Però essendo quella di Valeria poesia di trasformazione si intuiscono anche il
percorso e le difficoltà, percorso non sempre lineare ma pieno di ostacoli,
grovigli di oggetti, di strade in cui si procede per avanzate e ritorni
indietro. Il personaggio porta sul braccio alzato una corona di spine con una
ciliegia rossa nel mezzo che scivola di qua e di là come se non appartenesse
alla voce narrante. Si potrebbe fissare in questo ossimoro forse il tema
unitario del libro. Gli affanni da una parte (la corona di spine), la
vitalistica ciliegia rossa che però sfugge anche quando è stata già conquistata
dal soggetto e deve riconquistarla. Colori cupi sì, ma malgrado i morti
disseminati nelle pagine, le teste mozzate, non sono poesie di morte, anche
qui, come nei libri di Edgar Allan Poe, che vedrei molto bene come un suo
antenato, punto di riferimento di scrittura di Valeria, abbiamo la morte che
descrive la vita, o meglio la descrizione della vita attraverso la morte. Ne La
Gheisha si legge “che cosa stai aspettando” mi dice “A me che sono ancora
morta”. O in altra poesia “Non sapevo se fossi ancora morta o di già viva” e in
un’altra dove finalmente è viva “Io che finalmente ho me/ ho deciso di
festeggiare con tre zingare, che malgrado l’abito nero di una di loro esprimono
tuttavia il vitalismo gitano.
I fantasmi del passato, nella poesia Rivelazione
si sono dissolti o scoloriti. Da un mondo claustrofobico, però, c’è sempre
la via d’uscita, come per Montale, “il varco è lì” scriveva a proposito della
“petroliera” ne La casa dei Doganieri. Qui è “l’imbarcadero”? La via di
fuga? Frequente è il movimento dall’oscuro e tenebroso al luminoso, dai
mormorii funebri alla musica. Da un mondo di tenebra spunta un fanciullo
vestito di bianco che porge una piccola arpa e insiste perché lei (la narratrice)

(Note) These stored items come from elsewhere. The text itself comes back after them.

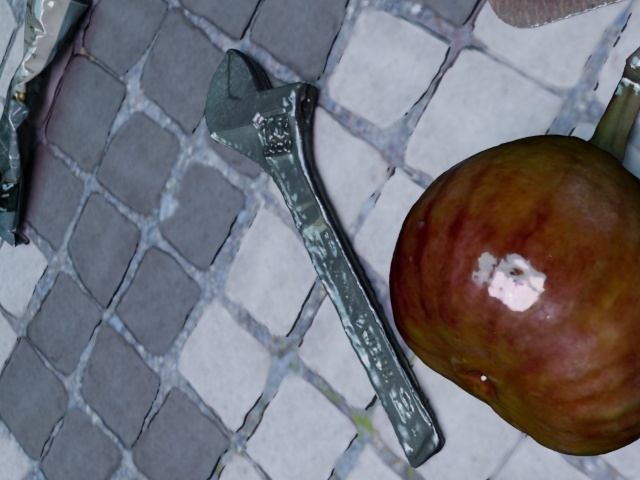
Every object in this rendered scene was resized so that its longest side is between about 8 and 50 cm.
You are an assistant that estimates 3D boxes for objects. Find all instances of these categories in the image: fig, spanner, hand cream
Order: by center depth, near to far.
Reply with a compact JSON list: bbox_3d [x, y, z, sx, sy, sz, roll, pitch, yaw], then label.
[{"bbox_3d":[0.112,0.009,0.457,0.149,0.148,0.202,1,46,7],"label":"fig"},{"bbox_3d":[0.000,0.000,0.596,0.093,0.026,0.325,-35,71,30],"label":"spanner"},{"bbox_3d":[-0.255,-0.118,0.770,0.075,0.052,0.248,46,121,51],"label":"hand cream"}]

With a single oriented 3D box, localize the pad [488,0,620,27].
[{"bbox_3d":[0.163,-0.268,0.504,0.176,0.002,0.266,-11,83,34],"label":"pad"}]
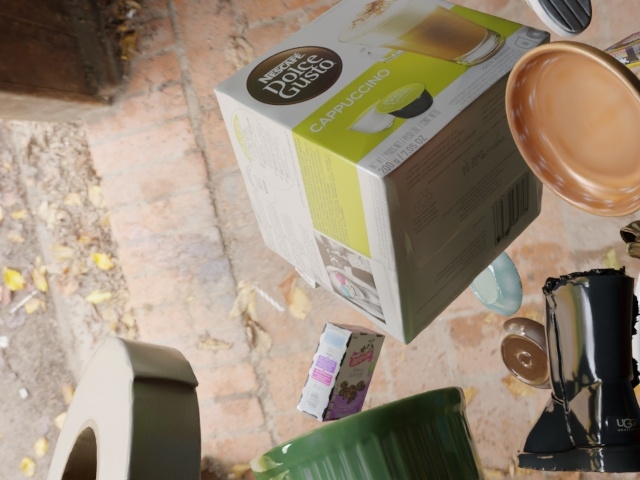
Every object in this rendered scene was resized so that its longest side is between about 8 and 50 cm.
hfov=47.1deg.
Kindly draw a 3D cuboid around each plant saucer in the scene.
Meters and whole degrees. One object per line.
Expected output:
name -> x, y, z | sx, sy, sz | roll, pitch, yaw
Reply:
plant saucer -> 0.505, 0.281, 1.776 | 0.199, 0.036, 0.198 | 30, 135, 35
plant saucer -> 0.402, 0.097, 1.757 | 0.037, 0.195, 0.194 | -20, 91, -23
plant saucer -> 0.279, -0.118, 0.766 | 0.037, 0.200, 0.200 | -32, 87, -19

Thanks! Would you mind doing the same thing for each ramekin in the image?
ramekin -> 0.072, 0.316, 0.970 | 0.303, 0.303, 0.148 | -25, 70, 16

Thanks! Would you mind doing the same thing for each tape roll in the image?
tape roll -> -0.225, 0.294, 0.758 | 0.072, 0.392, 0.391 | 15, 102, -25

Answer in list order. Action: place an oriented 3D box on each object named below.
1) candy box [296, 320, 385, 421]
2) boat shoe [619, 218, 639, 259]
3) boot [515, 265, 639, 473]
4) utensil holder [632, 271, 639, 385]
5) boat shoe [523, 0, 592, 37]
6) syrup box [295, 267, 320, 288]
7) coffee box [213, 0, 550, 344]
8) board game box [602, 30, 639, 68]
candy box -> 0.047, 0.278, 1.563 | 0.070, 0.165, 0.196 | 19, 91, 32
boat shoe -> 0.821, 0.027, 1.843 | 0.095, 0.257, 0.095 | -13, 110, 10
boot -> 0.282, 0.149, 0.809 | 0.094, 0.246, 0.207 | 2, 72, -4
utensil holder -> 0.828, 0.156, 1.372 | 0.386, 0.327, 0.327 | 5, 98, 8
boat shoe -> 0.413, -0.519, 1.416 | 0.109, 0.094, 0.302 | -33, 89, -5
syrup box -> 0.000, 0.000, 1.839 | 0.096, 0.093, 0.236 | 44, 147, 35
coffee box -> 0.102, -0.129, 1.099 | 0.338, 0.338, 0.334 | -40, 51, -22
board game box -> 0.675, -0.405, 1.534 | 0.141, 0.170, 0.048 | -32, 102, -19
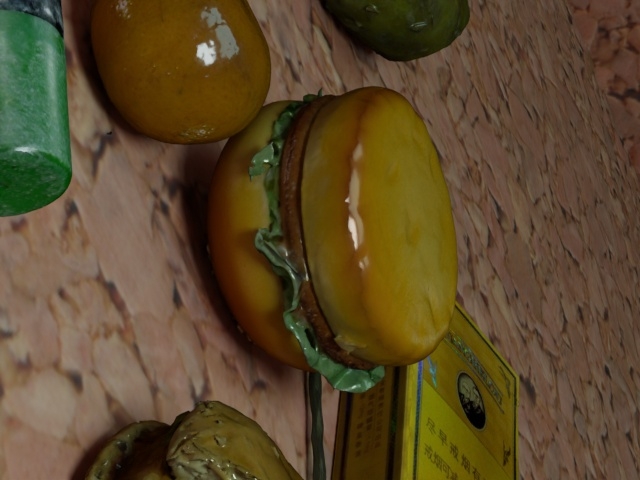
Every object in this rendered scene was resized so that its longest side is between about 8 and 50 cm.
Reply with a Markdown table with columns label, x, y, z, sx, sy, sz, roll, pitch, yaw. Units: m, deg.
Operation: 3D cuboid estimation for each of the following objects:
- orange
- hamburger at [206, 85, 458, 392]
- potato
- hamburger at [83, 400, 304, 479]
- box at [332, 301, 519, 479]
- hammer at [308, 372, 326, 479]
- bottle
| label | x | y | z | sx | sy | sz | roll | pitch | yaw |
| --- | --- | --- | --- | --- | --- | --- | --- | --- | --- |
| orange | -0.108 | -0.144 | 1.262 | 0.156 | 0.124 | 0.156 | 57 | 8 | -12 |
| hamburger | 0.000 | -0.002 | 1.343 | 0.246 | 0.170 | 0.246 | 24 | 62 | -60 |
| potato | 0.093 | -0.284 | 1.870 | 0.298 | 0.141 | 0.176 | -2 | 83 | -69 |
| hamburger | -0.041 | 0.201 | 1.124 | 0.262 | 0.124 | 0.131 | 59 | 23 | -31 |
| box | 0.102 | 0.184 | 1.536 | 0.193 | 0.084 | 0.301 | 50 | 28 | -30 |
| hammer | -0.004 | 0.143 | 1.417 | 0.058 | 0.029 | 0.292 | 53 | 25 | -45 |
| bottle | -0.212 | -0.178 | 1.060 | 0.093 | 0.093 | 0.330 | 36 | 40 | -57 |
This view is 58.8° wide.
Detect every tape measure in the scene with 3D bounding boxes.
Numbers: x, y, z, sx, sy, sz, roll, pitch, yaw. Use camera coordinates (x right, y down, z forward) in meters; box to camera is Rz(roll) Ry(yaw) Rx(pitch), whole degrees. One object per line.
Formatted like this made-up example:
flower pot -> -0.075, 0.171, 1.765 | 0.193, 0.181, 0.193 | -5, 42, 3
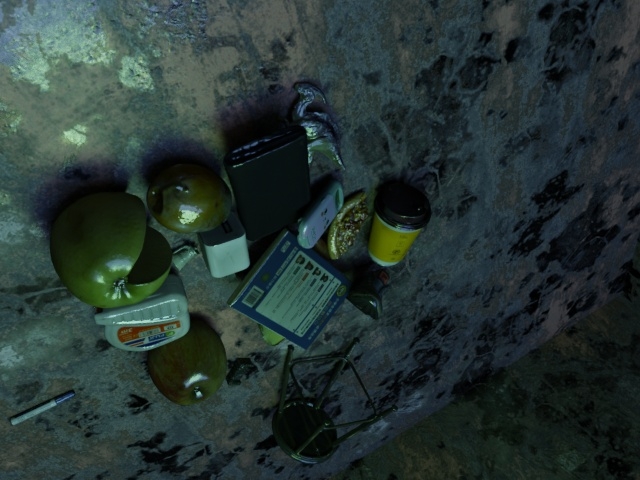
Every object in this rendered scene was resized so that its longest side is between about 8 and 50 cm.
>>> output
tape measure -> -0.527, 0.214, 1.690 | 0.258, 0.130, 0.265 | -14, 141, -19

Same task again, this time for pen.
pen -> -0.891, 0.535, 1.825 | 0.204, 0.025, 0.025 | -25, 139, -14

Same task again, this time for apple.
apple -> -0.517, 0.027, 1.417 | 0.291, 0.254, 0.292 | -15, 136, -15
apple -> -0.431, 0.400, 1.852 | 0.256, 0.234, 0.257 | -16, 135, -17

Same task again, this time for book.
book -> -0.080, 0.173, 1.878 | 0.300, 0.039, 0.428 | -52, 136, -4

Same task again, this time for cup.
cup -> 0.255, -0.048, 1.940 | 0.196, 0.196, 0.280 | -14, 144, -23

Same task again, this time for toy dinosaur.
toy dinosaur -> -0.028, -0.294, 1.578 | 0.162, 0.077, 0.294 | -27, 138, 1

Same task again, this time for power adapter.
power adapter -> -0.283, 0.036, 1.681 | 0.125, 0.130, 0.205 | -20, 138, -18

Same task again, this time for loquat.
loquat -> -0.334, -0.108, 1.470 | 0.227, 0.179, 0.179 | -4, 132, -49

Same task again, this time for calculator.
calculator -> 0.002, -0.085, 1.751 | 0.246, 0.045, 0.141 | -54, 157, -25

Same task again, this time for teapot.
teapot -> -0.400, 0.041, 1.666 | 0.083, 0.057, 0.067 | -34, 144, -13

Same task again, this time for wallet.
wallet -> -0.133, -0.146, 1.583 | 0.228, 0.062, 0.406 | -26, 156, -12

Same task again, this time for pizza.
pizza -> 0.089, -0.050, 1.875 | 0.127, 0.058, 0.246 | 32, 95, -41

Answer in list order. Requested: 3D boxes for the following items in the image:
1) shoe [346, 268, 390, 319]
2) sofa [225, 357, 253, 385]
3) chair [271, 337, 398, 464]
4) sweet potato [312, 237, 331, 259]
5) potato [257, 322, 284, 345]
shoe -> 0.195, 0.181, 2.068 | 0.171, 0.132, 0.336 | -50, -179, -6
sofa -> -0.312, 0.505, 2.181 | 0.060, 0.039, 0.118 | 11, 122, -41
chair -> 0.011, 0.688, 2.349 | 0.361, 0.365, 0.410 | 1, 132, -35
sweet potato -> -0.008, 0.006, 1.899 | 0.078, 0.058, 0.255 | -47, 139, -12
potato -> -0.125, 0.224, 1.975 | 0.271, 0.111, 0.160 | -44, 134, -11
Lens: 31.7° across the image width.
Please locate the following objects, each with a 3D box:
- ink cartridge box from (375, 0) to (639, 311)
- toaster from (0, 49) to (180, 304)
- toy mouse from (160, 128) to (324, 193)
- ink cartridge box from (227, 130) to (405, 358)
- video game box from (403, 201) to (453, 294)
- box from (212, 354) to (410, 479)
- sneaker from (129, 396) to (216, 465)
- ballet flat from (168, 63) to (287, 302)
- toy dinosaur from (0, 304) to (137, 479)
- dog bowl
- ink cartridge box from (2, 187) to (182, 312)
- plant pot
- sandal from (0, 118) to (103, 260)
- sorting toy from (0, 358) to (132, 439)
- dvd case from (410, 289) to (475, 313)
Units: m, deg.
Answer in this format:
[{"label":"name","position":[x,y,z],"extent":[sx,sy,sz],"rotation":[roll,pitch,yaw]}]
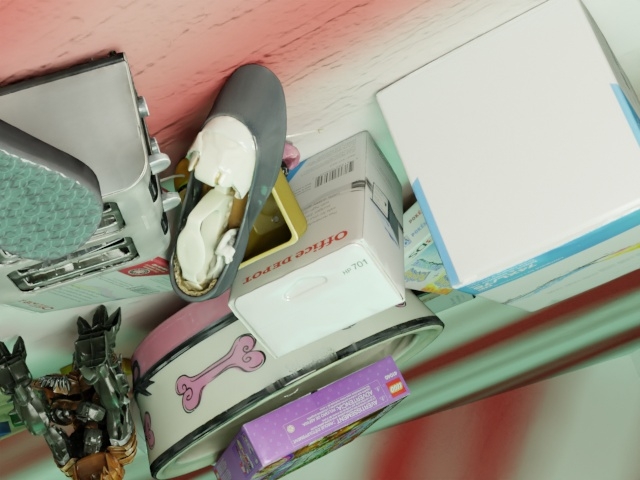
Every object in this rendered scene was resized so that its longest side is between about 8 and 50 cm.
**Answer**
[{"label":"ink cartridge box","position":[0.215,-0.065,1.060],"extent":[0.197,0.198,0.270],"rotation":[-26,162,19]},{"label":"toaster","position":[-0.202,-0.041,0.819],"extent":[0.186,0.110,0.168],"rotation":[-17,163,-8]},{"label":"toy mouse","position":[-0.061,-0.079,0.996],"extent":[0.143,0.031,0.161],"rotation":[-27,162,24]},{"label":"ink cartridge box","position":[0.000,0.000,1.043],"extent":[0.140,0.190,0.082],"rotation":[-25,121,19]},{"label":"video game box","position":[0.164,-0.015,1.347],"extent":[0.187,0.048,0.205],"rotation":[-42,155,20]},{"label":"box","position":[-0.020,0.246,1.432],"extent":[0.201,0.057,0.293],"rotation":[-23,166,-20]},{"label":"sneaker","position":[-0.138,0.286,1.888],"extent":[0.210,0.137,0.366],"rotation":[-24,160,24]},{"label":"ballet flat","position":[-0.077,-0.037,0.883],"extent":[0.074,0.074,0.203],"rotation":[-5,123,-41]},{"label":"toy dinosaur","position":[-0.267,0.206,1.322],"extent":[0.164,0.218,0.322],"rotation":[-29,-150,-21]},{"label":"dog bowl","position":[-0.056,0.142,1.425],"extent":[0.408,0.150,0.408],"rotation":[-27,166,-7]},{"label":"ink cartridge box","position":[-0.202,0.009,0.984],"extent":[0.175,0.072,0.127],"rotation":[-10,166,15]},{"label":"plant pot","position":[-0.057,-0.027,0.974],"extent":[0.081,0.081,0.083],"rotation":[-25,-178,20]},{"label":"sandal","position":[-0.240,-0.068,0.659],"extent":[0.097,0.054,0.254],"rotation":[-38,132,15]},{"label":"sorting toy","position":[-0.423,0.236,1.574],"extent":[0.307,0.041,0.229],"rotation":[-23,163,13]},{"label":"dvd case","position":[0.128,0.116,1.856],"extent":[0.253,0.022,0.180],"rotation":[-22,164,8]}]
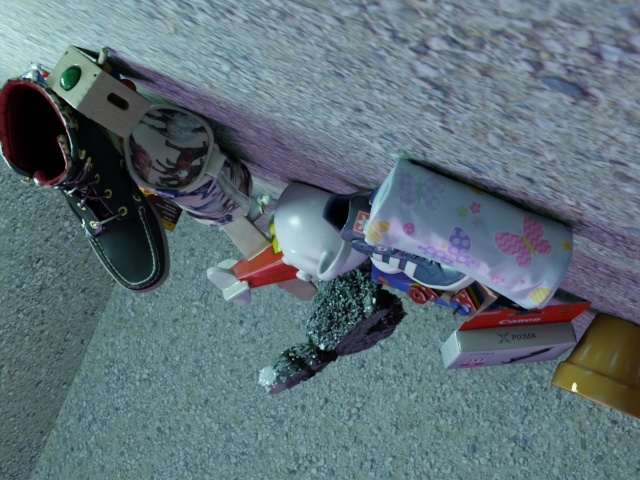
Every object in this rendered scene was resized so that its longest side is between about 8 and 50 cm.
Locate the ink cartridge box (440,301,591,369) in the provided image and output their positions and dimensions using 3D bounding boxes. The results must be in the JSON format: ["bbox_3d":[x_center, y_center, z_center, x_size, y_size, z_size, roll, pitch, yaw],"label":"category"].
[{"bbox_3d":[0.427,0.211,1.797,0.275,0.060,0.239,-3,156,-10],"label":"ink cartridge box"}]

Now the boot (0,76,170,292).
[{"bbox_3d":[-0.393,-0.090,1.380,0.138,0.377,0.284,-22,173,4],"label":"boot"}]

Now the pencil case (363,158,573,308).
[{"bbox_3d":[0.195,-0.008,1.095,0.273,0.124,0.113,22,176,2],"label":"pencil case"}]

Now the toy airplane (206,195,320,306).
[{"bbox_3d":[-0.137,0.032,2.367,0.384,0.272,0.386,11,145,-11],"label":"toy airplane"}]

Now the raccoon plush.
[{"bbox_3d":[-0.007,0.133,2.014,0.299,0.446,0.216,58,165,27],"label":"raccoon plush"}]

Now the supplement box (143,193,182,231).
[{"bbox_3d":[-0.460,-0.154,2.211,0.129,0.194,0.191,19,175,41],"label":"supplement box"}]

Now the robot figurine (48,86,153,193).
[{"bbox_3d":[-0.449,-0.200,1.649,0.211,0.085,0.291,-7,134,35],"label":"robot figurine"}]

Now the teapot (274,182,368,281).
[{"bbox_3d":[0.000,0.000,1.777,0.252,0.187,0.256,21,175,26],"label":"teapot"}]

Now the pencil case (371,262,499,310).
[{"bbox_3d":[0.260,0.074,1.832,0.306,0.133,0.119,18,149,33],"label":"pencil case"}]

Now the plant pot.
[{"bbox_3d":[0.644,0.271,1.831,0.205,0.188,0.205,22,176,1],"label":"plant pot"}]

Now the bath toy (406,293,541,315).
[{"bbox_3d":[0.359,0.123,1.989,0.348,0.129,0.151,16,128,45],"label":"bath toy"}]

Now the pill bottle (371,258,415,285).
[{"bbox_3d":[0.167,0.022,1.706,0.112,0.112,0.187,19,175,37],"label":"pill bottle"}]

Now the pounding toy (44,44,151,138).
[{"bbox_3d":[-0.339,-0.242,1.265,0.130,0.100,0.141,37,-177,37],"label":"pounding toy"}]

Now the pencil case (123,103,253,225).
[{"bbox_3d":[-0.237,-0.129,1.592,0.183,0.160,0.410,35,177,9],"label":"pencil case"}]

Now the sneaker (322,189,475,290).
[{"bbox_3d":[0.125,-0.010,1.374,0.148,0.131,0.350,20,178,-34],"label":"sneaker"}]

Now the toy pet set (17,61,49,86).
[{"bbox_3d":[-0.549,-0.321,1.651,0.114,0.065,0.122,-18,160,23],"label":"toy pet set"}]

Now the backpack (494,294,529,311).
[{"bbox_3d":[0.379,0.090,1.624,0.105,0.084,0.114,24,170,29],"label":"backpack"}]

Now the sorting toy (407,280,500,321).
[{"bbox_3d":[0.264,0.095,1.601,0.132,0.046,0.274,43,149,5],"label":"sorting toy"}]
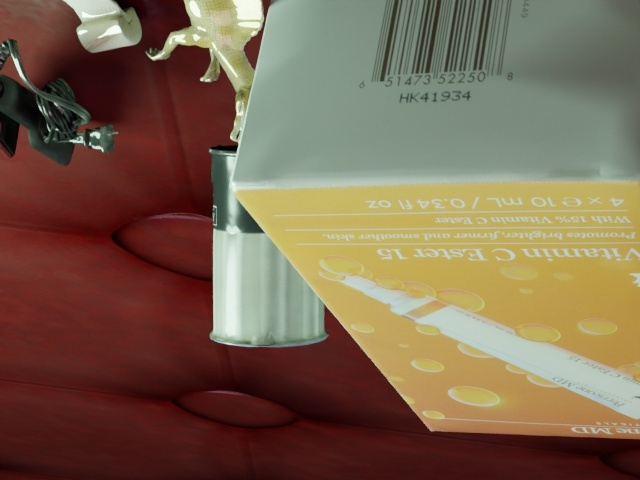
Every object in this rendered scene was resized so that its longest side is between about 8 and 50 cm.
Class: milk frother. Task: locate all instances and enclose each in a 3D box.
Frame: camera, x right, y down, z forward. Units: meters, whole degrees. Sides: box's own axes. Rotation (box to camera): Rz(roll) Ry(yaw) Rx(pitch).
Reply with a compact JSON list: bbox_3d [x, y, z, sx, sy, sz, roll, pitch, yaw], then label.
[{"bbox_3d":[0.000,0.000,1.035,0.143,0.134,0.129,3,-172,20],"label":"milk frother"}]

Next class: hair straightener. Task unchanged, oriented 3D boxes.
[{"bbox_3d":[-0.173,-0.087,0.952,0.089,0.047,0.230,9,169,-4],"label":"hair straightener"}]

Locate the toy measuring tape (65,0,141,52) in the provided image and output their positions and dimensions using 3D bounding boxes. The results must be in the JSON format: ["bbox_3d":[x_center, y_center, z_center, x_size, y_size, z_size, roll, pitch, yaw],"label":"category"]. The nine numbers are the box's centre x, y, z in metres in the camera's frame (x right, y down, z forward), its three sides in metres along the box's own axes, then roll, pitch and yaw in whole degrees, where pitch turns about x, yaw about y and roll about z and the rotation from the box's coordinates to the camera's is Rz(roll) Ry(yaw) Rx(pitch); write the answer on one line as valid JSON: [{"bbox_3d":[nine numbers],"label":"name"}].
[{"bbox_3d":[-0.219,-0.150,0.781,0.121,0.121,0.330,-7,153,33],"label":"toy measuring tape"}]

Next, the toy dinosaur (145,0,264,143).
[{"bbox_3d":[-0.067,-0.144,0.807,0.093,0.053,0.183,10,127,45],"label":"toy dinosaur"}]

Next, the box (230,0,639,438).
[{"bbox_3d":[0.123,-0.021,0.872,0.215,0.168,0.345,-1,153,23],"label":"box"}]
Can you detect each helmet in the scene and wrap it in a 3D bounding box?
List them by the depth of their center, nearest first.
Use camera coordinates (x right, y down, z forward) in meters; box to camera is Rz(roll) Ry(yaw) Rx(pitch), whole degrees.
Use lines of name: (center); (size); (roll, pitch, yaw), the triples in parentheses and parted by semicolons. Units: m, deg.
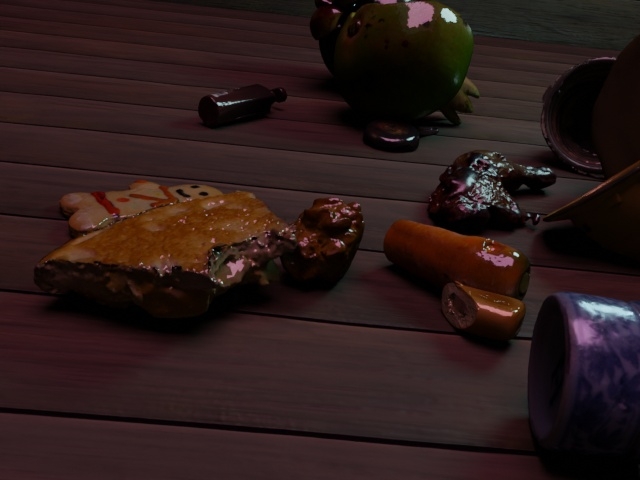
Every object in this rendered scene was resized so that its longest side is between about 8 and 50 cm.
helmet: (0.477, -0.046, 1.097); (0.257, 0.140, 0.205); (-34, -6, 5)

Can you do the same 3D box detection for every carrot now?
carrot: (0.168, 0.028, 0.944); (0.193, 0.087, 0.087); (17, 27, 35)

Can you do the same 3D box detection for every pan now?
pan: (0.178, -0.223, 1.526); (0.212, 0.040, 0.115); (-19, 40, -41)

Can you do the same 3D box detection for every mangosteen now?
mangosteen: (0.115, -0.535, 1.825); (0.347, 0.307, 0.307); (42, 9, -29)

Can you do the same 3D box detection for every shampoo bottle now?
shampoo bottle: (-0.154, -0.285, 1.550); (0.068, 0.067, 0.236); (32, 33, 25)

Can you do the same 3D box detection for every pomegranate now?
pomegranate: (0.189, -0.341, 1.585); (0.358, 0.216, 0.309); (31, -21, -32)

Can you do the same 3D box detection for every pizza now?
pizza: (-0.151, 0.020, 0.874); (0.223, 0.089, 0.323); (18, 29, 36)

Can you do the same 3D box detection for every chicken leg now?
chicken leg: (0.286, -0.087, 1.233); (0.177, 0.083, 0.322); (24, 31, 14)

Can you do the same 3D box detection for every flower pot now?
flower pot: (0.558, -0.239, 1.489); (0.235, 0.236, 0.140); (14, 2, 15)

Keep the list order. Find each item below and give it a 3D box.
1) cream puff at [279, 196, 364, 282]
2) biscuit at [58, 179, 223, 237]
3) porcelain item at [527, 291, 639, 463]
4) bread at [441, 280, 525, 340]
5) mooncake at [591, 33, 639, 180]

suoni, mentre si illumina tutto. Lei prova e la musica inonda la città. C’è
sempre un richiamo alla vita, un’alba sorgiva: una bambina che fa segno di
salire, ride e agita le braccia; una nascita all’alba, nei pressi della
stazione centrale, sul prato d’ombra e luce dove si impara a volere. Altre
figure simboliche sono disseminate qua e là: “l’androgino” simbolo dell’eros,
come nel Simposio di Platone; la “cerva portentosa” che esprime il rinnovamento
continuo della vita, processo di morte e rinascita. Il “serpente dai colori
variopinti” simbolo anch’esso di trasformazione e rigenerazione. La nuova vita
è radicalmente diversa da quella del passato e segna una rottura definitiva, ce
lo dice l’ultima poesia “Non aspettiamo lettere/poiché siamo partite senza
lasciare/recapito”.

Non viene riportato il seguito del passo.